Given Zero Piraeus' answer to another question, we have that

x = tuple(set([1, "a", "b", "c", "z", "f"]))
y = tuple(set(["a", "b", "c", "z", "f", 1]))
print(x == y)

Prints True about 85% of the time with hash randomization enabled. Why 85%?


Solution

  • I'm going to assume any readers of this question to have read both:

    The first thing to note is that hash randomization is decided on interpreter start-up.

    The hash of each letter will be the same for both sets, so the only thing that can matter is if there is a collision (where order will be affected).

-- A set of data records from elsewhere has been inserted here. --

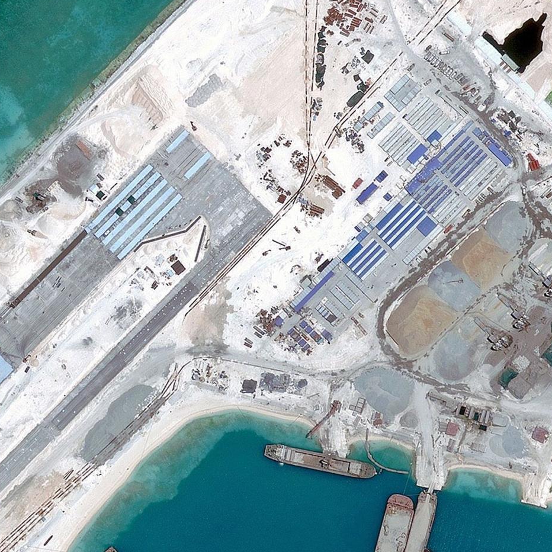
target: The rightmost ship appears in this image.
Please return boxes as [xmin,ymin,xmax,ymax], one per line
[406,482,437,552]
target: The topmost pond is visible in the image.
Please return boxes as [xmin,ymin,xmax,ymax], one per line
[482,13,547,72]
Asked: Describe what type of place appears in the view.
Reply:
port

    By the deductions of that second link we know the backing array for these sets starts at length 8:

    _ _ _ _ _ _ _ _
    

    In the first case, we insert 1:

    _ 1 _ _ _ _ _ _
    

    and then insert the rest:

    α 1 ? ? ? ? ? ?
    

    Then it is rehashed to size 32:

        1 can't collide with α as α is an even hash
      ↓ so 1 is inserted at slot 1 first
    ? 1 ? ? ? ? ? ? ? ? ? ? ? ? ? ? ? ? ? ? ? ? ? ? ? ? ? ? ? ? ? ?
    

    In the second case, we insert the rest:

    ? β ? ? ? ? ? ?
    

    And then try to insert 1:

        Try to insert 1 here, but will
      ↓ be rehashed if β exists
    ? β ? ? ? ? ? ?
    

    And then it will be rehashed:

        Try to insert 1 here, but will
        be rehashed if β exists and has
      ↓ not rehashed somewhere else
    ? β ? ? ? ? ? ? ? ? ? ? ? ? ? ? ? ? ? ? ? ? ? ? ? ? ? ? ? ? ? ?
    

    So whether the iteration orders are different depends solely on whether β exists.


    The chance of a β is the chance that any of the 5 letters will hash to 1 modulo 8 and hash to 1 modulo 32.

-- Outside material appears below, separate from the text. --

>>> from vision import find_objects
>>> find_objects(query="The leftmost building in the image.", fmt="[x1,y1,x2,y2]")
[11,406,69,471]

    Since anything that hashes to 1 modulo 32 also hashes to 1 modulo 8, we want to find the chance that of the 32 slots, one of the five is in slot 1:

    5 (number of letters) / 32 (number of slots)
    

    5/32 is 0.15625, so there is a 15.625% chance¹ of the orders being different between the two set constructions.

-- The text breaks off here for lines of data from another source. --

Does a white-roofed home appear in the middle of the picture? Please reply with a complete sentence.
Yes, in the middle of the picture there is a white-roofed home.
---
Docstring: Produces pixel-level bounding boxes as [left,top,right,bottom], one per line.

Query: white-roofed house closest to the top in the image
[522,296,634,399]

    Not very strangely at all, this is exactly what Zero Piraeus measured.


    ¹Technically even this isn't obvious. We can pretend every one of the 5 hashes uniquely because of rehashing, but because of linear probing it's actually more likely for "bunched" structures to occur... but because we're only looking at whether a single slot is occupied, this doesn't actually affect us.